In early March, Meloni and the Italian Foreign Minister Tajani conducted a second visit to the UAE. The number and nature of the agreements achieved by the high-profile Italian delegation in Abu Dhabi speak of Rome’s desire to bring ties with Abu Dhabi back on track. First, Meloni and UAE President Sheikh Mohammed bin Zayed Al Nahyan agreed to elevate the Italy-UAE relationship to a “strategic partnership,” stressing the importance of sustainable development and economic growth as areas of mutual strategic interest. Second, Foreign Minister Tajani and Sultan Al Jaber, the UAE’s Industry and Advanced Technology Minister, Abu Dhabi National Oil Company (ADNOC)’s CEO, and the President-Designate of COP28, signed a declaration of intent to nurture climate action-driven engagement. Finally, ADNOC and Eni inked an MoU to broaden the already-sound cooperation between the two hydrocarbon giants to the energy transition domain, focusing on emissions reduction, carbon capture solutions, and promoting hydrogen as a clean fuel source.

While it is too early to tell if Italy’s most recent efforts to mend fences with the UAE will be enough to put past grudges behind, the positive atmosphere created by the latest diplomatic missions has already started to deliver promising outcomes. For example, during the world-class IDEX defense exhibition in Abu Dhabi last February, top managers of Fincantieri—an Italian shipbuilding company—and Abu Dhabi Ship Building signed a deal to enhance cooperation in the “design, construction, and fleet management of military and commercial vessels.” Although Italy-UAE cooperation in the naval sector is nothing new, as the Italian shipbuilding giant played a critical role in the UAE’s endeavor to renovate its fleet, the agreement speaks of restored confidence between the Italian and Emirati business and security communities.

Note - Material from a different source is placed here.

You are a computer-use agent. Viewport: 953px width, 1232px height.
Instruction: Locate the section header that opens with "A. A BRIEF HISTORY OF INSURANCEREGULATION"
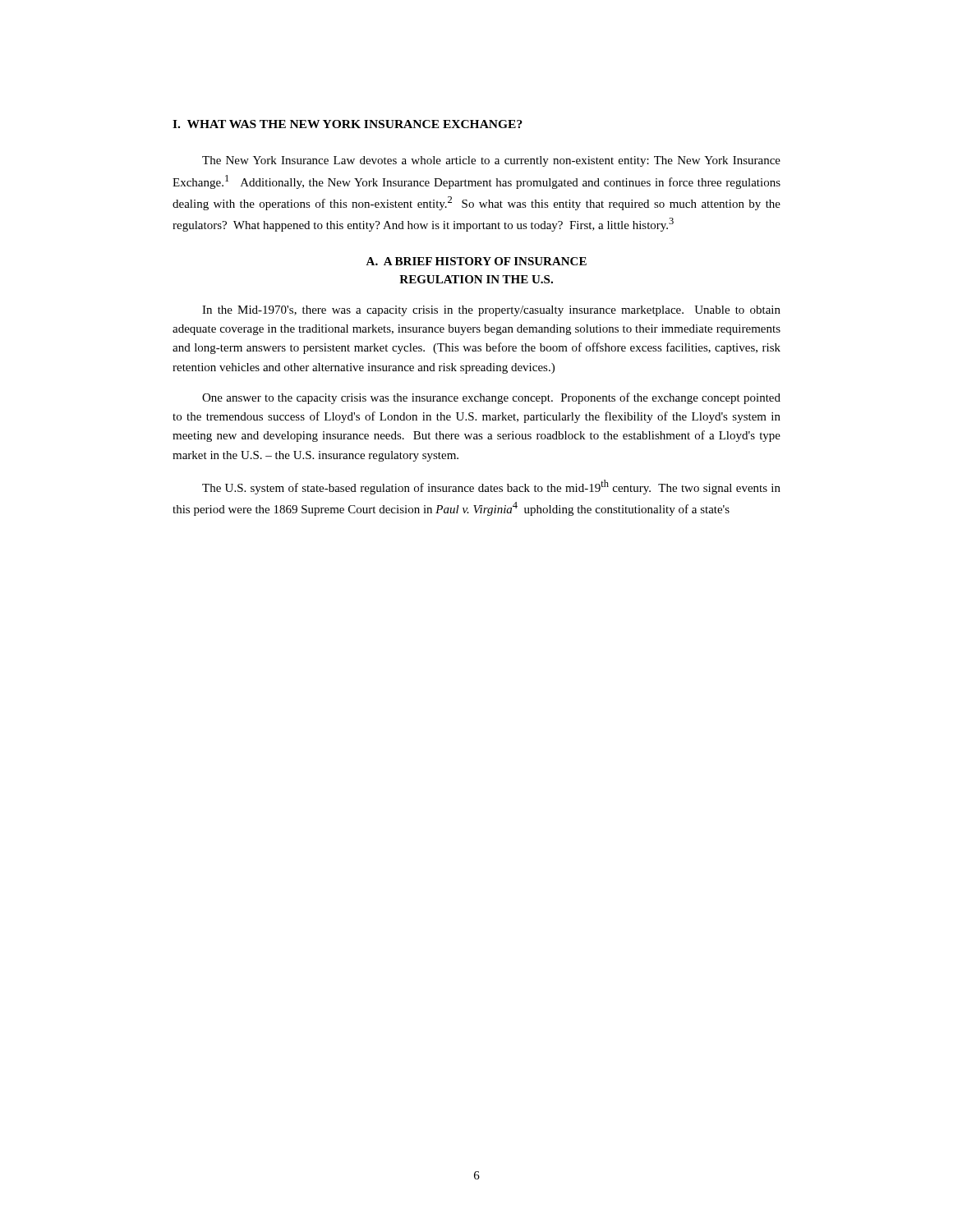click(476, 270)
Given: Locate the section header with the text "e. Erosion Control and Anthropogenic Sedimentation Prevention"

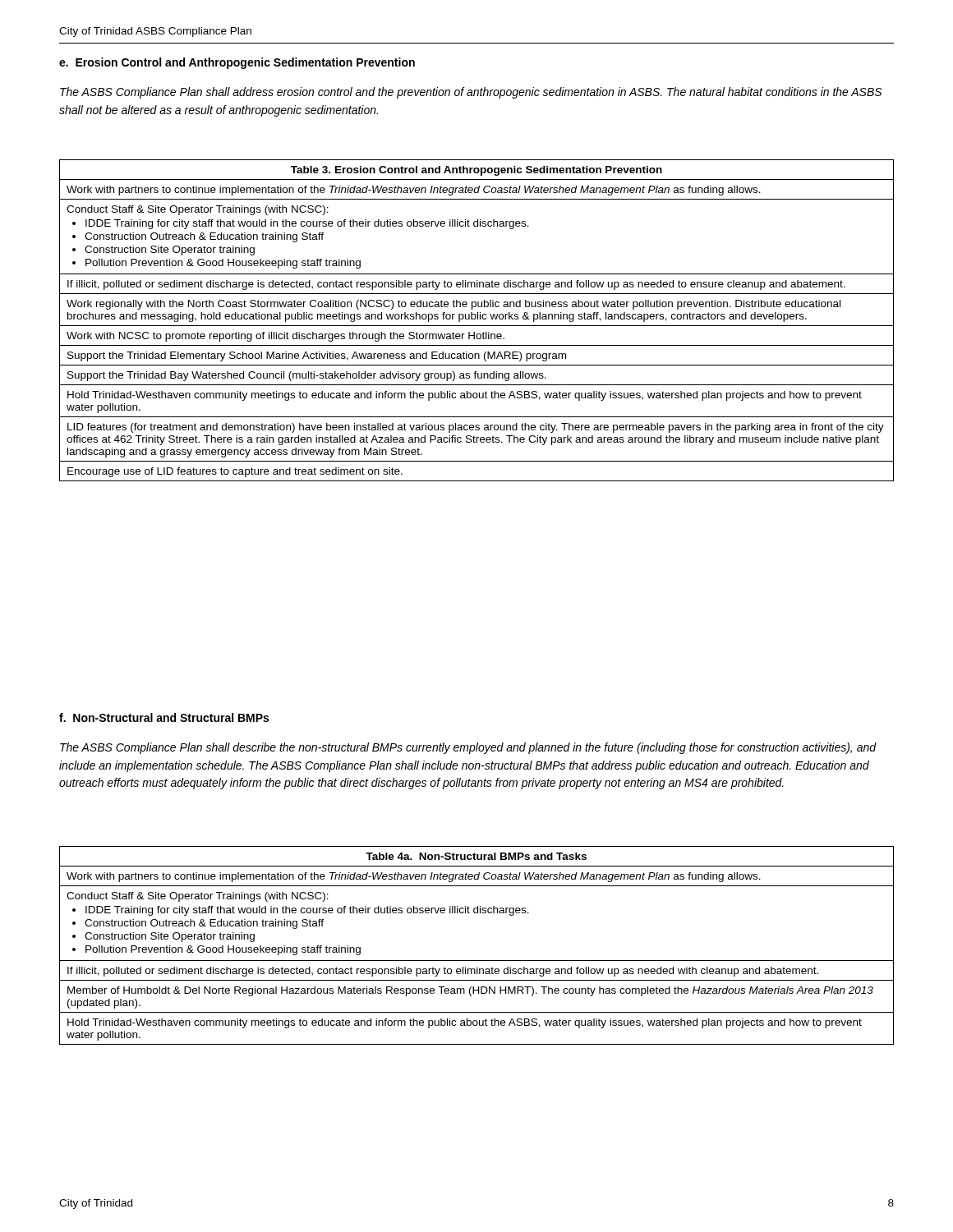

Within the GCC, Qatar is another country with which Italy has sought to build a strong partnership. Cooperation in the energy and defense fields has historically been the main driver of Rome’s engagement with Doha. The positive and profitable experiences of joint business opportunities have been instrumental in creating a climate of mutual trust and nurturing friendly diplomatic ties between the two countries.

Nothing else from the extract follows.